Try roasting the tomatoes in advance for this easy slow-roasted tomato zucchini orzo with basil pesto. You can grill the zucchini on a grill pan on the stove.
- For slow roasted tomatoes
- 1 pint grape tomatoes, halved
- 1 tablespoon olive oil
- 1/4 teaspoon kosher salt
- 1/4 teaspoon black pepper
- For orzo
- 1 cup whole wheat orzo
- 1 zucchini, trimmed, quartered lengthwise and deseeded
- 1 teaspoon olive oil
- 2 tablespoons basil pesto
- 3/4 teaspoon kosher salt
- 1/2 teaspoon black pepper
- Grated Parmesan for serving
- 1 tablespoon minced chives
- Preheat the oven to 225 degrees F.
- For the slow roasted tomatoes, place the tomato halves in rows cut-side up on a parchment-lined sheet pan. Drizzle with olive oil and sprinkle with salt and pepper. Roast the tomatoes for 2 – 2-1/2 hours until they are wrinkled and mostly dried except for a little juice in the center. (If not using immediately, store in the refrigerator up to 3 weeks.)

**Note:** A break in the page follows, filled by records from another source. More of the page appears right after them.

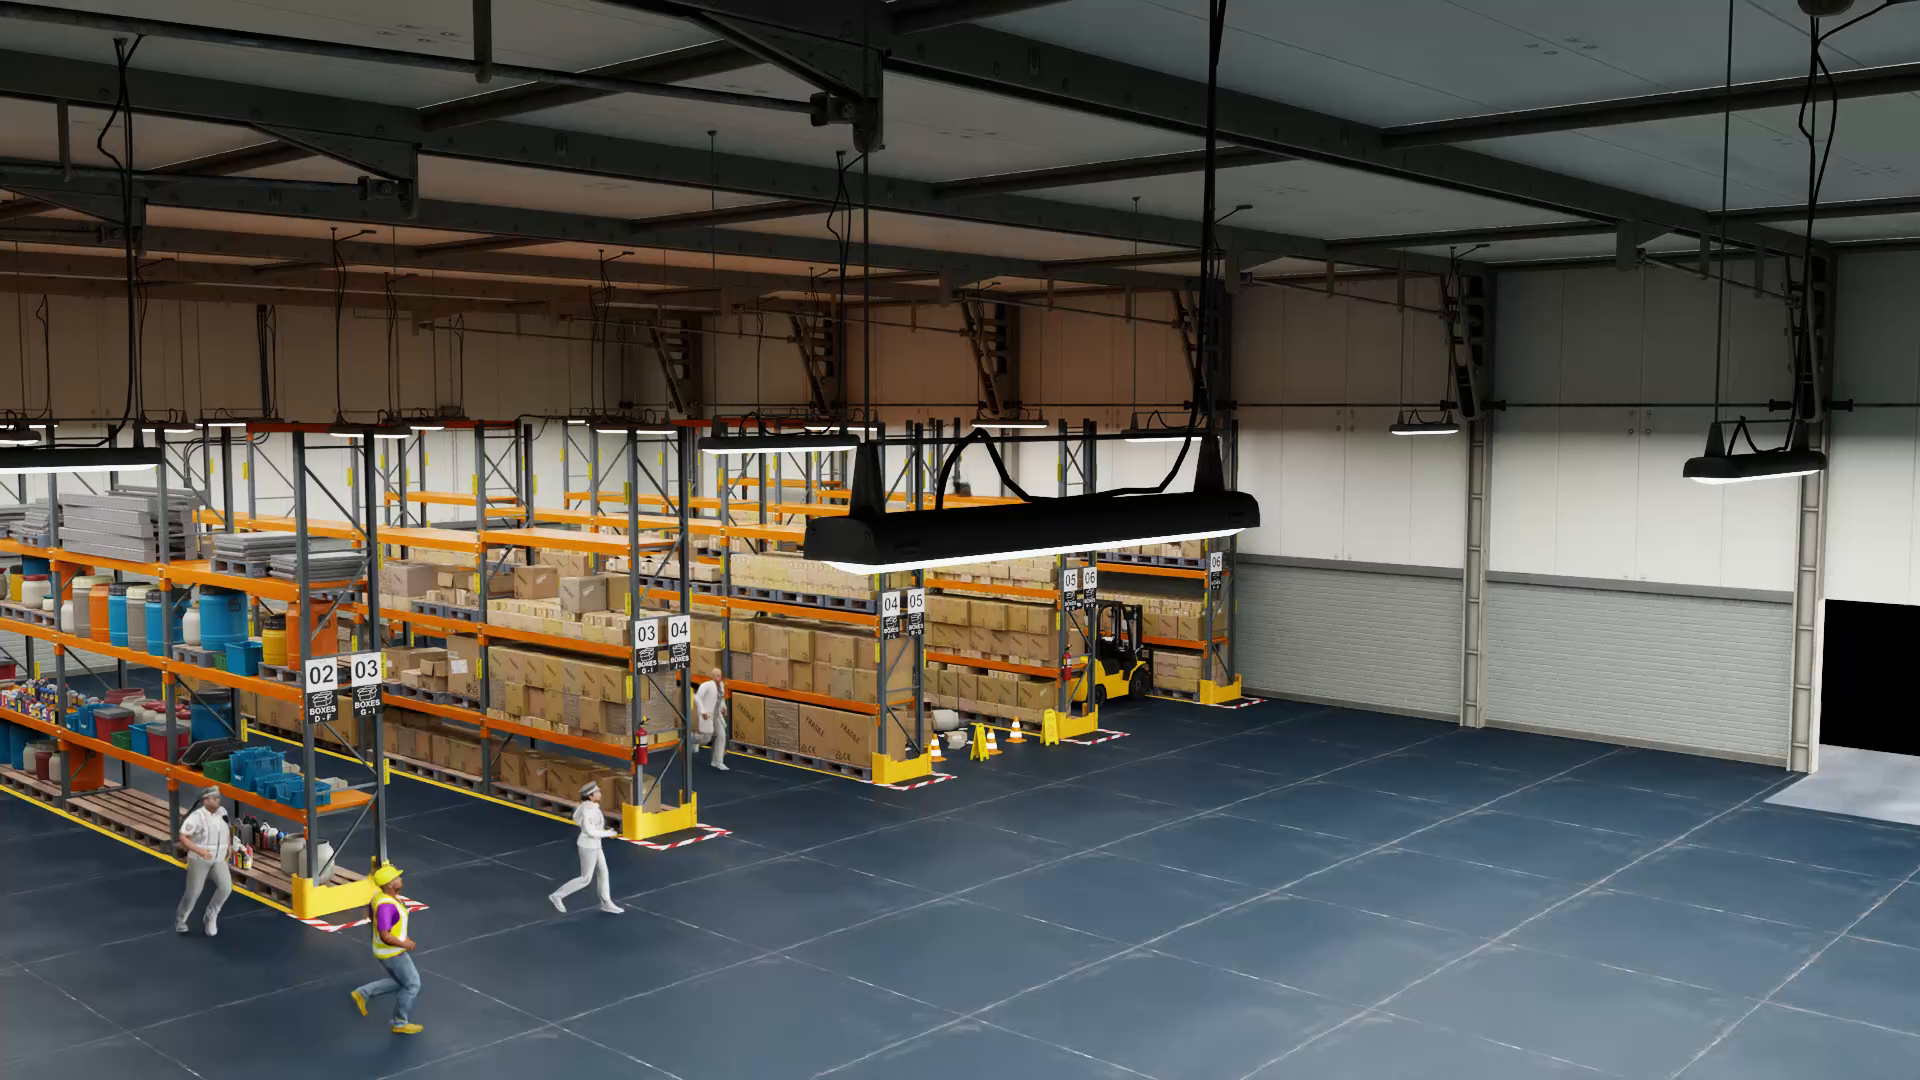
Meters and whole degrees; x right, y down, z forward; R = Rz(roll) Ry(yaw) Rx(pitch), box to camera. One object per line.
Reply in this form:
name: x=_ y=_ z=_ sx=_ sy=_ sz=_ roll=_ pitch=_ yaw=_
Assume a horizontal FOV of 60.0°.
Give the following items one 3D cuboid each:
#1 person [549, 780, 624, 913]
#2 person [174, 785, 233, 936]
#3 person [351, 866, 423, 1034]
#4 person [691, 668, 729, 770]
person: x=-4.625 y=3.813 z=20.545 sx=0.914 sy=1.707 sz=0.624 roll=-1 pitch=5 yaw=-14
person: x=-9.034 y=3.811 z=20.003 sx=0.681 sy=1.727 sz=0.725 roll=3 pitch=6 yaw=35
person: x=-5.754 y=4.120 z=16.661 sx=0.660 sy=1.720 sz=0.731 roll=-3 pitch=5 yaw=-29
person: x=-4.391 y=3.111 z=29.094 sx=0.985 sy=1.771 sz=0.719 roll=4 pitch=6 yaw=40
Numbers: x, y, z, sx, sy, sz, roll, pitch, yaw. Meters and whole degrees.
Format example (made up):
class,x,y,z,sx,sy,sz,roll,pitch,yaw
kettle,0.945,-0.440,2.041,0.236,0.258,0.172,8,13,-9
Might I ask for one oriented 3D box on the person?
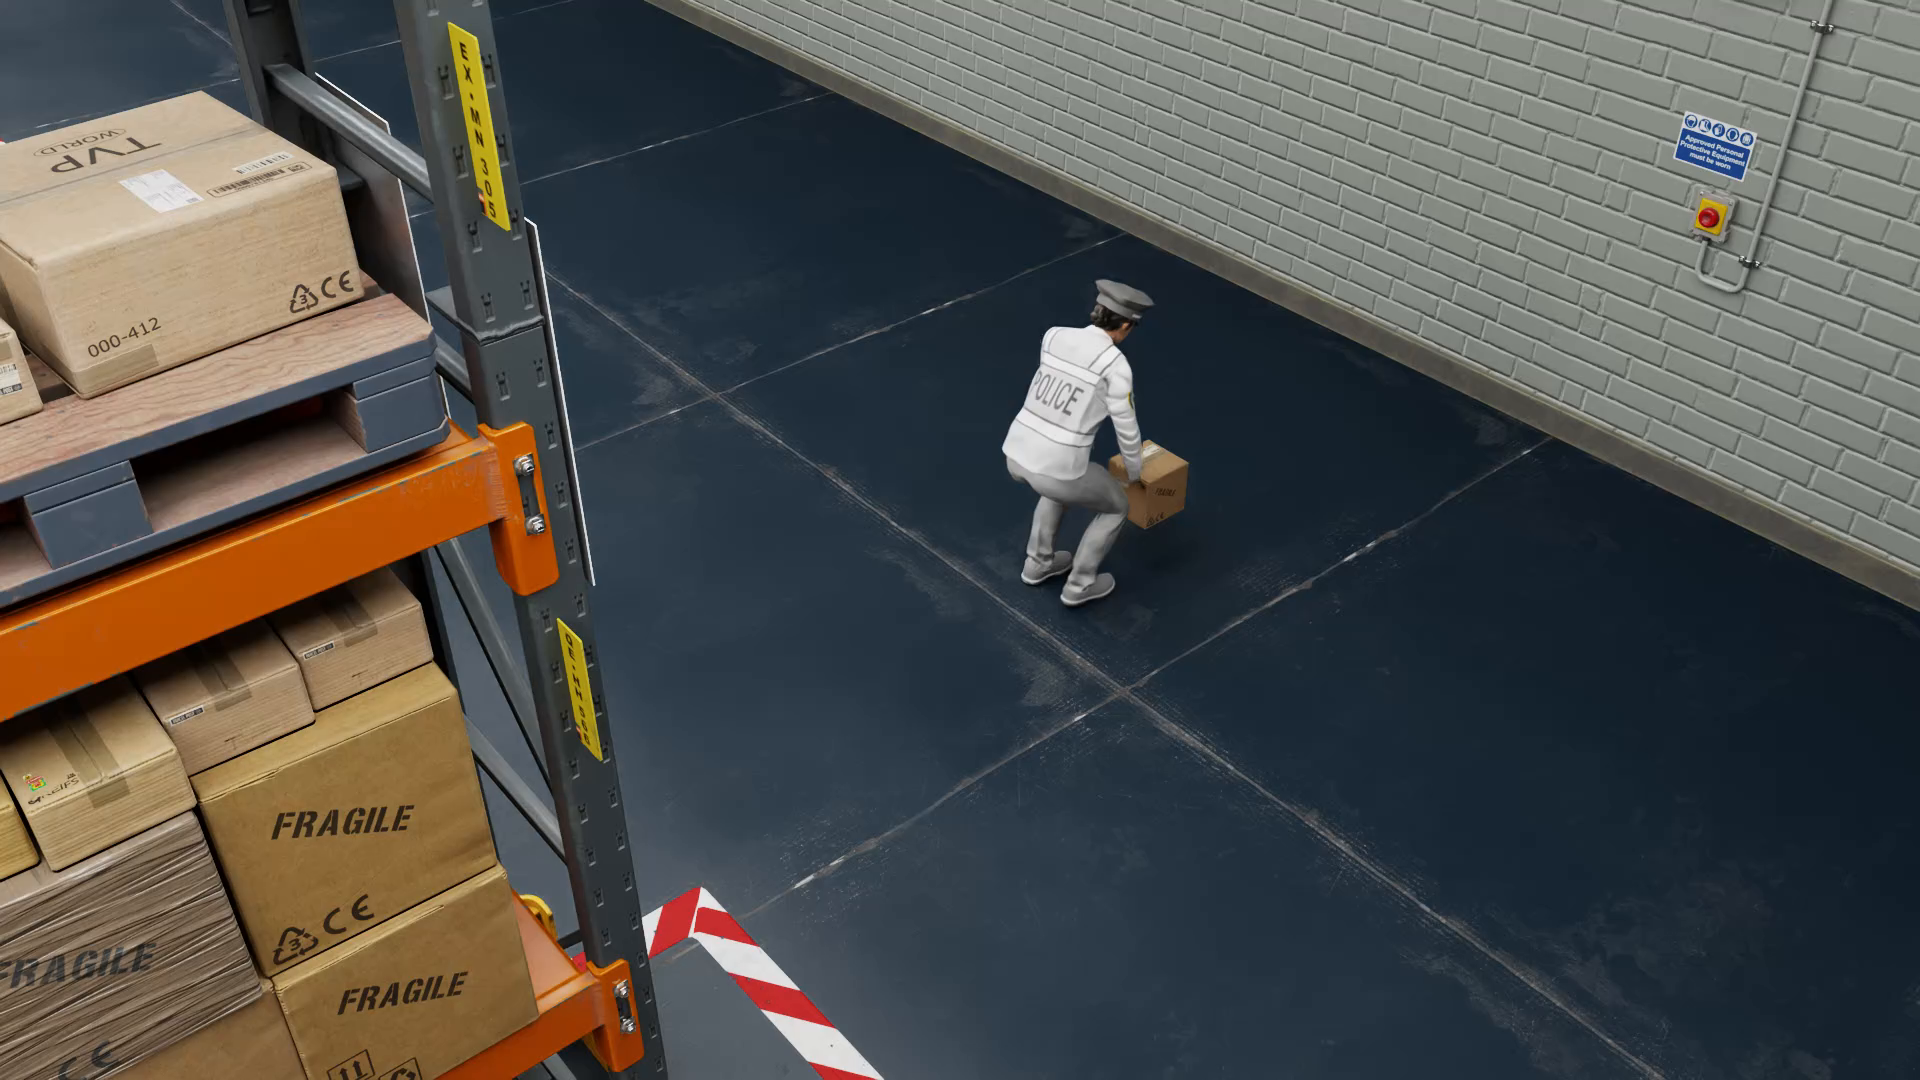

- Cook the orzo until al dente following package instructions. Drain and set aside.
- Preheat a grill pan over medium high heat. Toss the zucchini with 1 teaspoon olive oil, 1/4 teaspoon salt and 1/4 teaspoon pepper. Grill the zucchini on one side for 2 minutes until grill marks appear. Flip it and grill for an additional 2 minutes. Let the zucchini cool slightly and dice into 1/4-inch pieces.
- In a large bowl combine the orzo with the tomatoes, zucchini, pesto, chives and remaining salt and pepper. Serve topped with grated Parmesan.
- Serve warm, room temperature or cold. If served cold, it will likely require more salt and pepper to bring out the flavors of the dish.